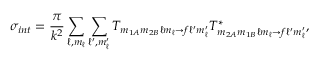Convert formula to latex. <formula><loc_0><loc_0><loc_500><loc_500>\sigma _ { i n t } = \frac { \pi } { k ^ { 2 } } \sum _ { \ell , m _ { \ell } } \sum _ { \ell ^ { \prime } , m _ { \ell } ^ { \prime } } T _ { m _ { 1 A } m _ { 2 B } \ell m _ { \ell } \rightarrow f \ell ^ { \prime } m _ { \ell } ^ { \prime } } T _ { m _ { 2 A } m _ { 1 B } \ell m _ { \ell } \rightarrow f \ell ^ { \prime } m _ { \ell } ^ { \prime } } ^ { * } ,</formula> 
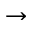Convert formula to latex. <formula><loc_0><loc_0><loc_500><loc_500>\rightarrow</formula> 
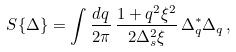Convert formula to latex. <formula><loc_0><loc_0><loc_500><loc_500>S \{ \Delta \} = \int \frac { d q } { 2 \pi } \, \frac { 1 + q ^ { 2 } \xi ^ { 2 } } { 2 \Delta _ { s } ^ { 2 } \xi } \, \Delta _ { q } ^ { \ast } \Delta _ { q } \, ,</formula> 
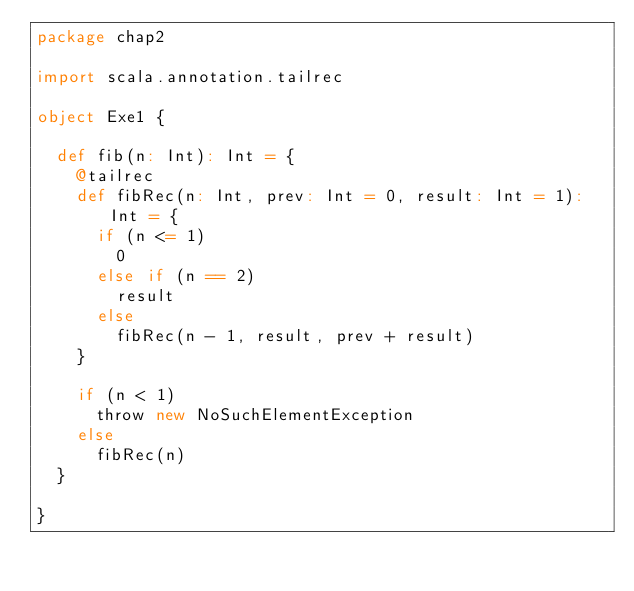Convert code to text. <code><loc_0><loc_0><loc_500><loc_500><_Scala_>package chap2

import scala.annotation.tailrec

object Exe1 {

  def fib(n: Int): Int = {
    @tailrec
    def fibRec(n: Int, prev: Int = 0, result: Int = 1): Int = {
      if (n <= 1)
        0
      else if (n == 2)
        result
      else
        fibRec(n - 1, result, prev + result)
    }

    if (n < 1)
      throw new NoSuchElementException
    else
      fibRec(n)
  }

}

</code> 
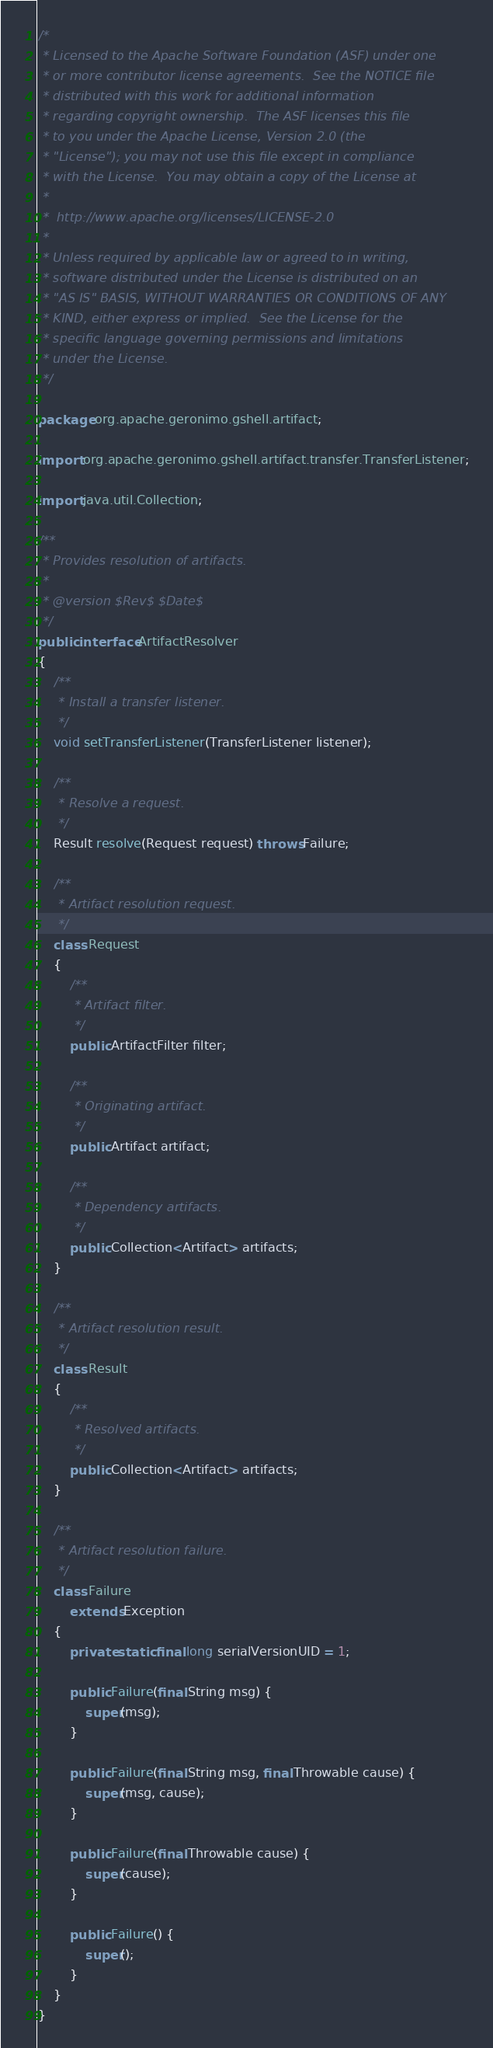<code> <loc_0><loc_0><loc_500><loc_500><_Java_>/*
 * Licensed to the Apache Software Foundation (ASF) under one
 * or more contributor license agreements.  See the NOTICE file
 * distributed with this work for additional information
 * regarding copyright ownership.  The ASF licenses this file
 * to you under the Apache License, Version 2.0 (the
 * "License"); you may not use this file except in compliance
 * with the License.  You may obtain a copy of the License at
 *
 *  http://www.apache.org/licenses/LICENSE-2.0
 *
 * Unless required by applicable law or agreed to in writing,
 * software distributed under the License is distributed on an
 * "AS IS" BASIS, WITHOUT WARRANTIES OR CONDITIONS OF ANY
 * KIND, either express or implied.  See the License for the
 * specific language governing permissions and limitations
 * under the License.
 */

package org.apache.geronimo.gshell.artifact;

import org.apache.geronimo.gshell.artifact.transfer.TransferListener;

import java.util.Collection;

/**
 * Provides resolution of artifacts.
 *
 * @version $Rev$ $Date$
 */
public interface ArtifactResolver
{
    /**
     * Install a transfer listener.
     */
    void setTransferListener(TransferListener listener);

    /**
     * Resolve a request.
     */
    Result resolve(Request request) throws Failure;

    /**
     * Artifact resolution request.
     */
    class Request
    {
        /**
         * Artifact filter.
         */
        public ArtifactFilter filter;

        /**
         * Originating artifact.
         */
        public Artifact artifact;

        /**
         * Dependency artifacts.
         */
        public Collection<Artifact> artifacts;
    }

    /**
     * Artifact resolution result.
     */
    class Result
    {
        /**
         * Resolved artifacts.
         */
        public Collection<Artifact> artifacts;
    }

    /**
     * Artifact resolution failure.
     */
    class Failure
        extends Exception
    {
        private static final long serialVersionUID = 1;

        public Failure(final String msg) {
            super(msg);
        }

        public Failure(final String msg, final Throwable cause) {
            super(msg, cause);
        }

        public Failure(final Throwable cause) {
            super(cause);
        }

        public Failure() {
            super();
        }
    }
}</code>

● **To do**: Exactly the lines from the one containing "public Artifact artifact;" to the final line of the entries must be restated, and no others.

● **Result of the exercise**:
        public Artifact artifact;

        /**
         * Dependency artifacts.
         */
        public Collection<Artifact> artifacts;
    }

    /**
     * Artifact resolution result.
     */
    class Result
    {
        /**
         * Resolved artifacts.
         */
        public Collection<Artifact> artifacts;
    }

    /**
     * Artifact resolution failure.
     */
    class Failure
        extends Exception
    {
        private static final long serialVersionUID = 1;

        public Failure(final String msg) {
            super(msg);
        }

        public Failure(final String msg, final Throwable cause) {
            super(msg, cause);
        }

        public Failure(final Throwable cause) {
            super(cause);
        }

        public Failure() {
            super();
        }
    }
}</code>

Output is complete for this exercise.